Deep Dive: How Tego OS v3.0.0's per_user Dedicated Instances Actually Work
v3.0.0 introduces per_user dedicated instances so a single digital avatar can be safely used by a whole team without interference. This post walks through the scheduling model, lifecycle, capacity guardrails, stale-lock cleanup and the Warm Pool roadmap that make the system genuinely production-grade.
Deep Dive: How Tego OS v3.0.0's per_user Dedicated Instances Actually Work
One sentence: a single avatar, safely used by a whole team — without anyone stepping on anyone else.
Why per_user had to happen
In Tego OS v2.x, an "avatar" looked like this:
- One avatar mapped to one container;
- Every user of that avatar connected to the same runtime;
- Conversation history, long-term memory, file workspace — all in that single runtime.
Drop that into a real front-line, high-concurrency production scenario — a support center, an IT helpdesk, cross-border e-commerce ops — and three problems show up immediately:
- Session bleed. A is asking about shipping policy, B is chasing a refund — the avatar's context window is squeezed between two unrelated conversations.
- Memory contamination.

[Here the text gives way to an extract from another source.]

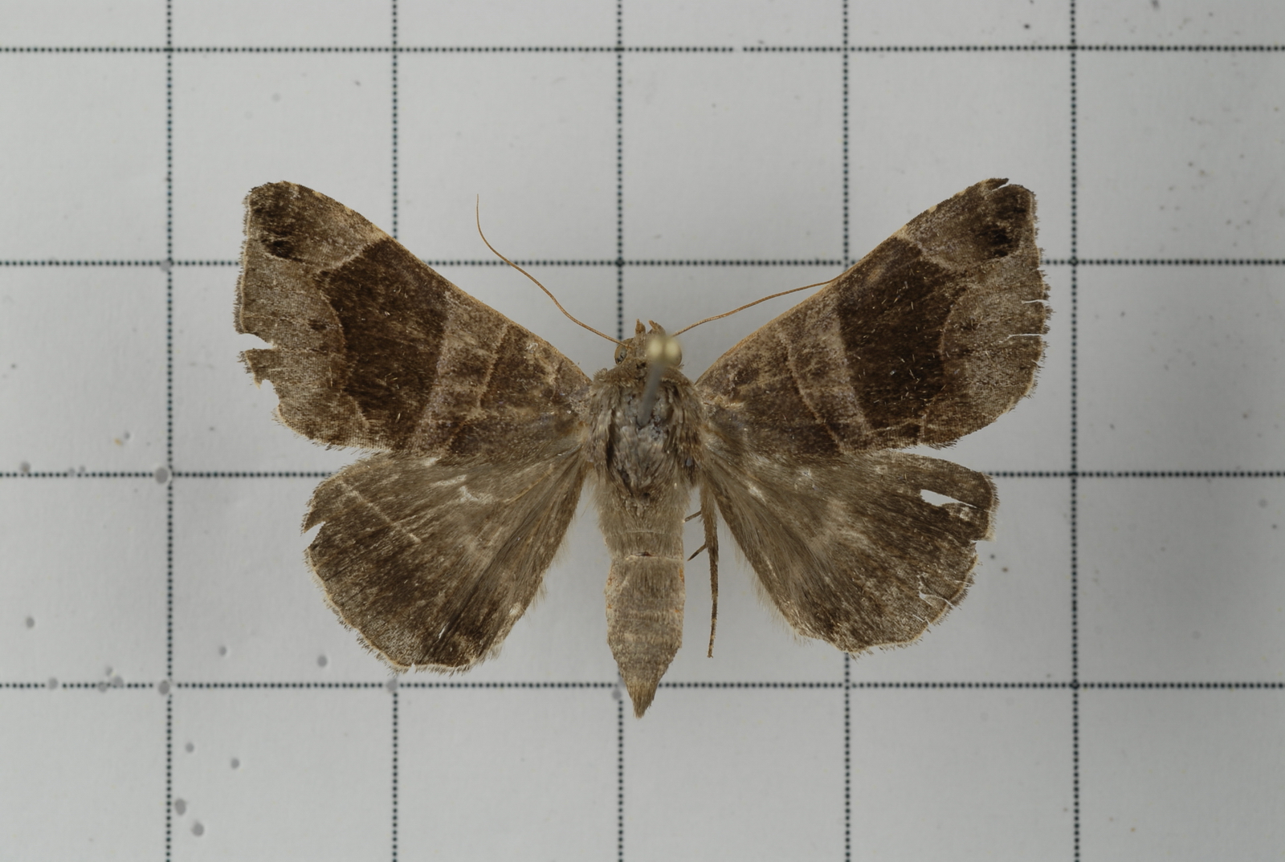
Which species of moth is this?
Bastilla joviana joviana

A "customer preference" stored by A might be overwritten or read by B.
- File conflicts. A's workspace files might get touched by B; nothing is truly per-user.
We received the same customer ask more than once: "Can we give every employee their own runtime?" That's where v3.0.0's per_user comes from.

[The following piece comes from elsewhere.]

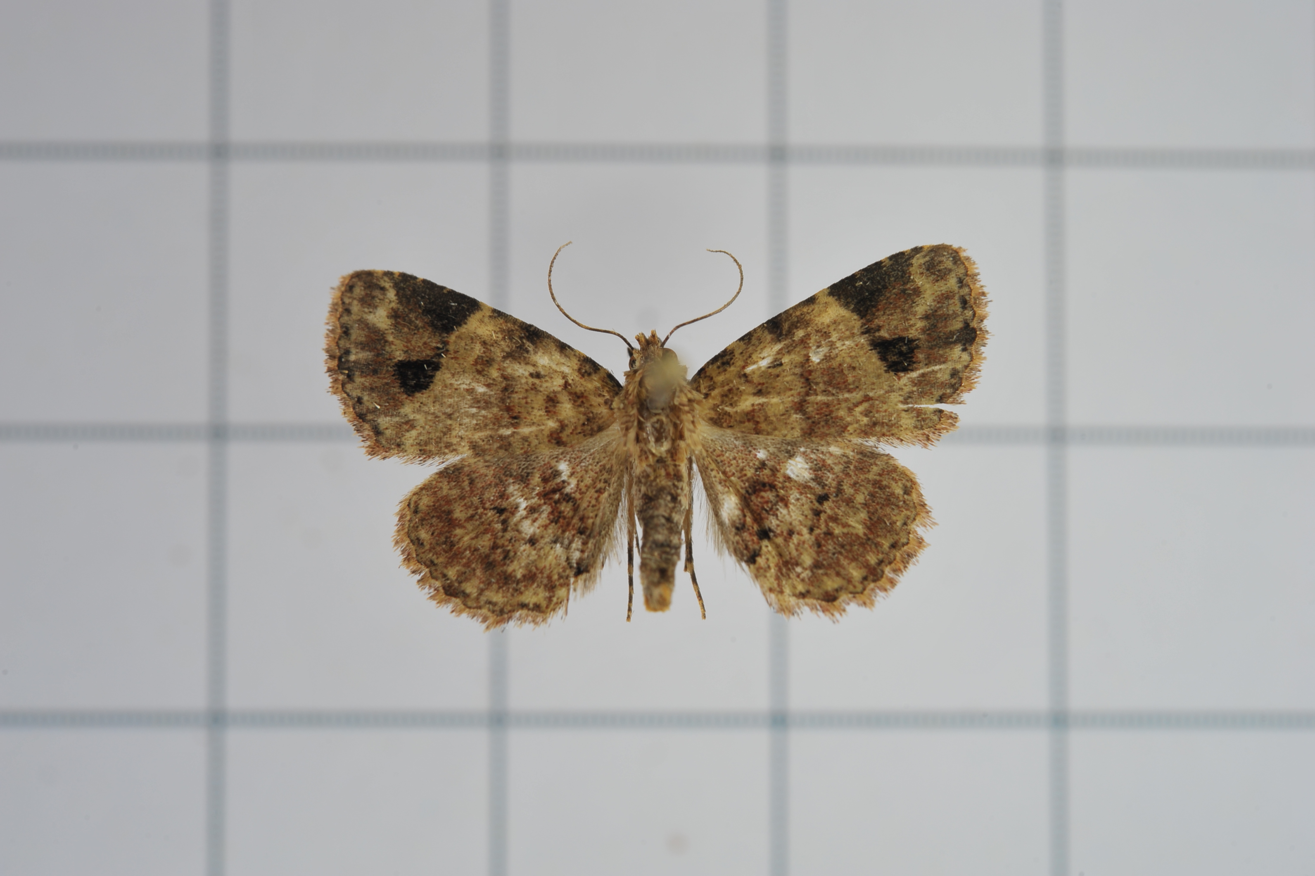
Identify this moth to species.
Panilla costipunctata

Scheduling model: split the avatar in two
v3.0.0 adds an instanceMode field on each avatar:
| Mode | Behavior |
|---|---|
shared (default) |
v2-compatible; multiple users share the same runtime |
per_user |
Each user gets a dedicated instance container plus a dedicated S3 namespace |
The scheduling diagram:
flowchart TD
UA[User A] --> GW[Gateway + JWT]
UB[User B] --> GW
UC[User C] --> GW
GW --> SCH[per_user scheduler]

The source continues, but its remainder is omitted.